Exercise brief: A verbatim reproduction of the lines below, from the line containing "Identify the document" through the line containing "text het kappen", both ends included, is the whole required output.

Records drawn from a dataset
----
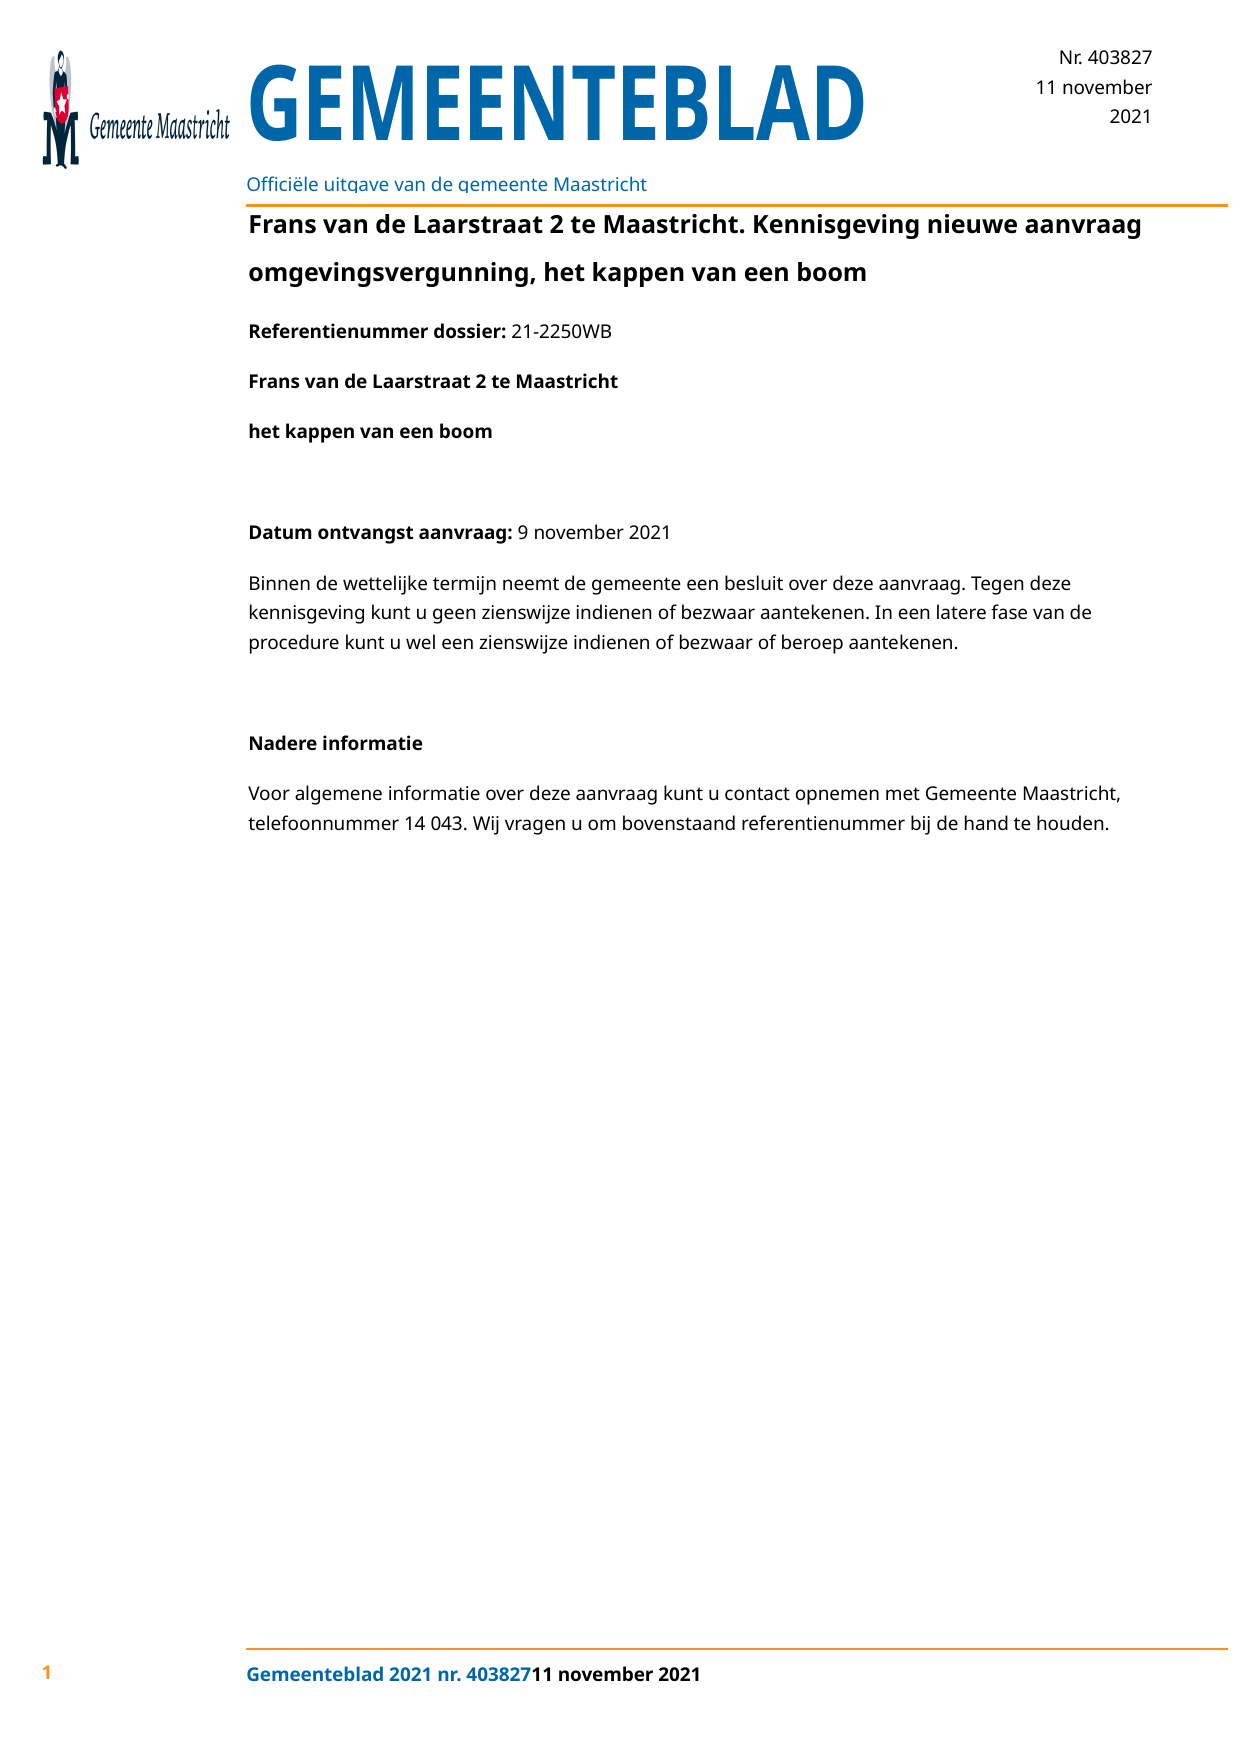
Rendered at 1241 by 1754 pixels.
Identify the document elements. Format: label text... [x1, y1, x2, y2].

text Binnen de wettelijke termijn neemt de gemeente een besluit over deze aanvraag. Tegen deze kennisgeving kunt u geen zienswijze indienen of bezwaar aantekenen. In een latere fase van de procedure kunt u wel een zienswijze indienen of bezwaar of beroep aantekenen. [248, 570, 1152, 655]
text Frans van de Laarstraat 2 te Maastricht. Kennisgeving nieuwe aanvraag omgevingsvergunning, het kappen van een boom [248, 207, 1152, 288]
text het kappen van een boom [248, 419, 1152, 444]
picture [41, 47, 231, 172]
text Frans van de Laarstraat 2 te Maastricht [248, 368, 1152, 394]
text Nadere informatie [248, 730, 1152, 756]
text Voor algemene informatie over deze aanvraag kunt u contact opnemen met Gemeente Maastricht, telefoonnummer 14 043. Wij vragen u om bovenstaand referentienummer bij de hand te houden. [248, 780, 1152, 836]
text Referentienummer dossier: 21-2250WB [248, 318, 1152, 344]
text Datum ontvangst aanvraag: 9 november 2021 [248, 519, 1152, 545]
----
Output for this task:
Identify the document elements. Format: label text... [x1, y1, x2, y2].

text Binnen de wettelijke termijn neemt de gemeente een besluit over deze aanvraag. Tegen deze kennisgeving kunt u geen zienswijze indienen of bezwaar aantekenen. In een latere fase van de procedure kunt u wel een zienswijze indienen of bezwaar of beroep aantekenen. [248, 570, 1152, 655]
text Frans van de Laarstraat 2 te Maastricht. Kennisgeving nieuwe aanvraag omgevingsvergunning, het kappen van een boom [248, 207, 1152, 288]
text het kappen van een boom [248, 419, 1152, 444]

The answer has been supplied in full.